Push polling is a nasty, nasty business.
Wikipedia defines push polling as "political campaign technique in which an individual or organisation attempts to influence or alter the view of respondents under the guise of conducting a poll." Most commonly, it relies on either an existing rumour or a potential rumour that the opposition thinks may have legs.
These polls are usually phrased along the lines of "Would you be more or less likely to vote for candidate X if you knew that [miscellaneous allegation of questionable veracity]"
Push polls seem to have more of a history in the United States, where complaints about push polls are an almost constant feature of any election campaign.
In the 2008 US Presidential election, both sides of politics flung accusations of push polling. Voters were allegedly asked what they would think if Obama had donated money to the PLO. McCain may still have been smarting from a poll that George W Bush was alleged to have run during the primaries in 2000 that asked if the voter would be less likely to vote for McCain if they knew that he had "fathered an illegitimate black child?"

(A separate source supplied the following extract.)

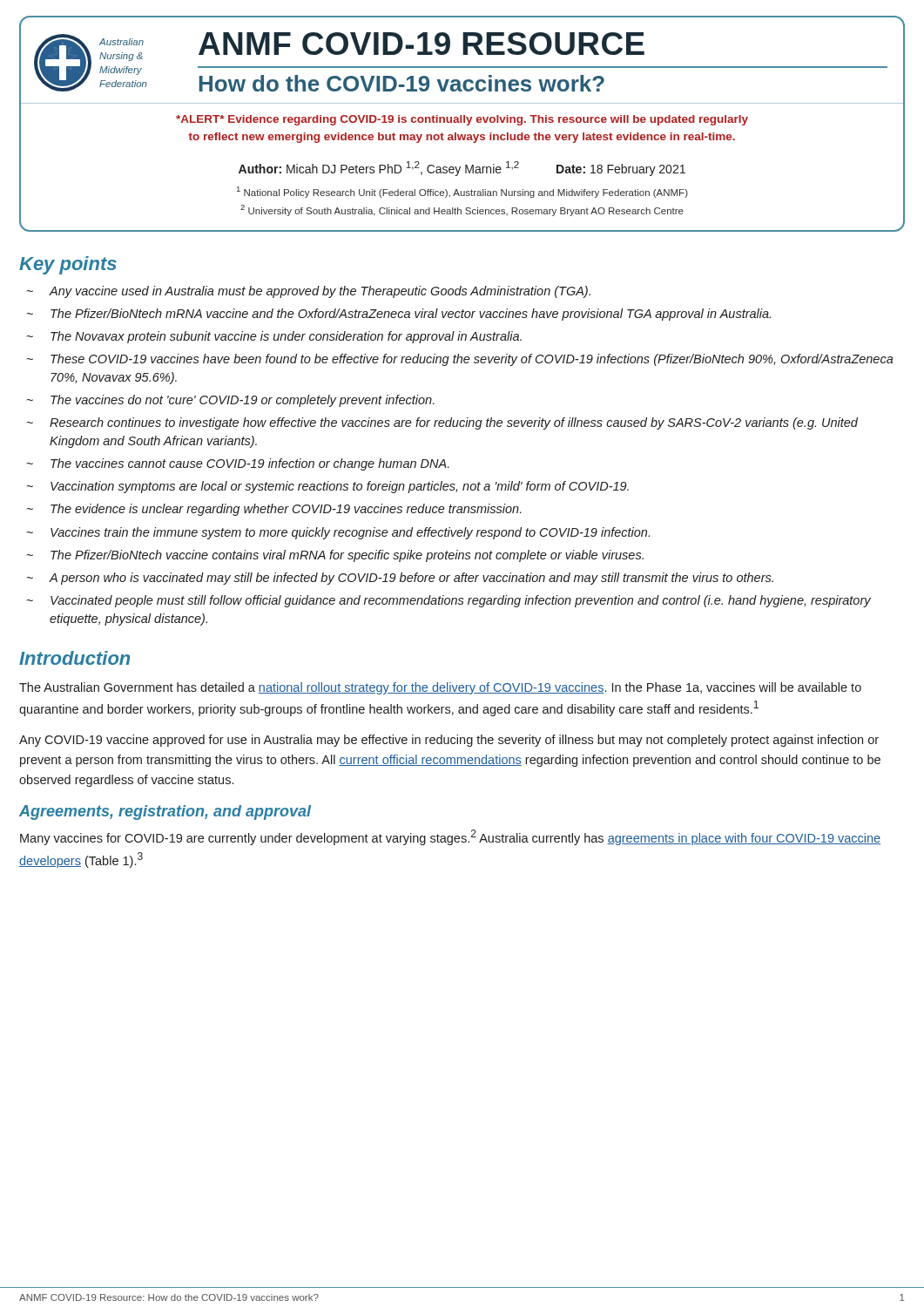Locate the list item with the text "~ Vaccination symptoms are local or"
This screenshot has height=1307, width=924.
coord(328,487)

That last push-poll was especially insidious as McCain has in fact adopted a Bangladeshi girl - the pollster clearly realised that the most damaging false rumour usually has just enough truth to it to make it irresistibly believable.
There have been intermittent claims of push polling in Australia, apparently dating back to a Northern Territory election in 1994 (details here: http://bit.ly/goyyWz).
This present NSW election has, sadly, been no exception.
The initial complaints were made in mid-February in the seat of Blacktown, where John Robertson is attempting to complete a move to the lower house, presumably to then make a push for the leadership after Keneally resigns or is deposed. The seat is held by a margin of 22.5 percent, but in this Brave New World no seat is safe.
The Daily Telegraph alleges that voters in that seat were asked "how voters would feel about two Liberal cabinet ministers being "anti-teachers", how they would feel about the Liberals cutting 25,000 public sector jobs and about Liberals outsourcing call centre services to India."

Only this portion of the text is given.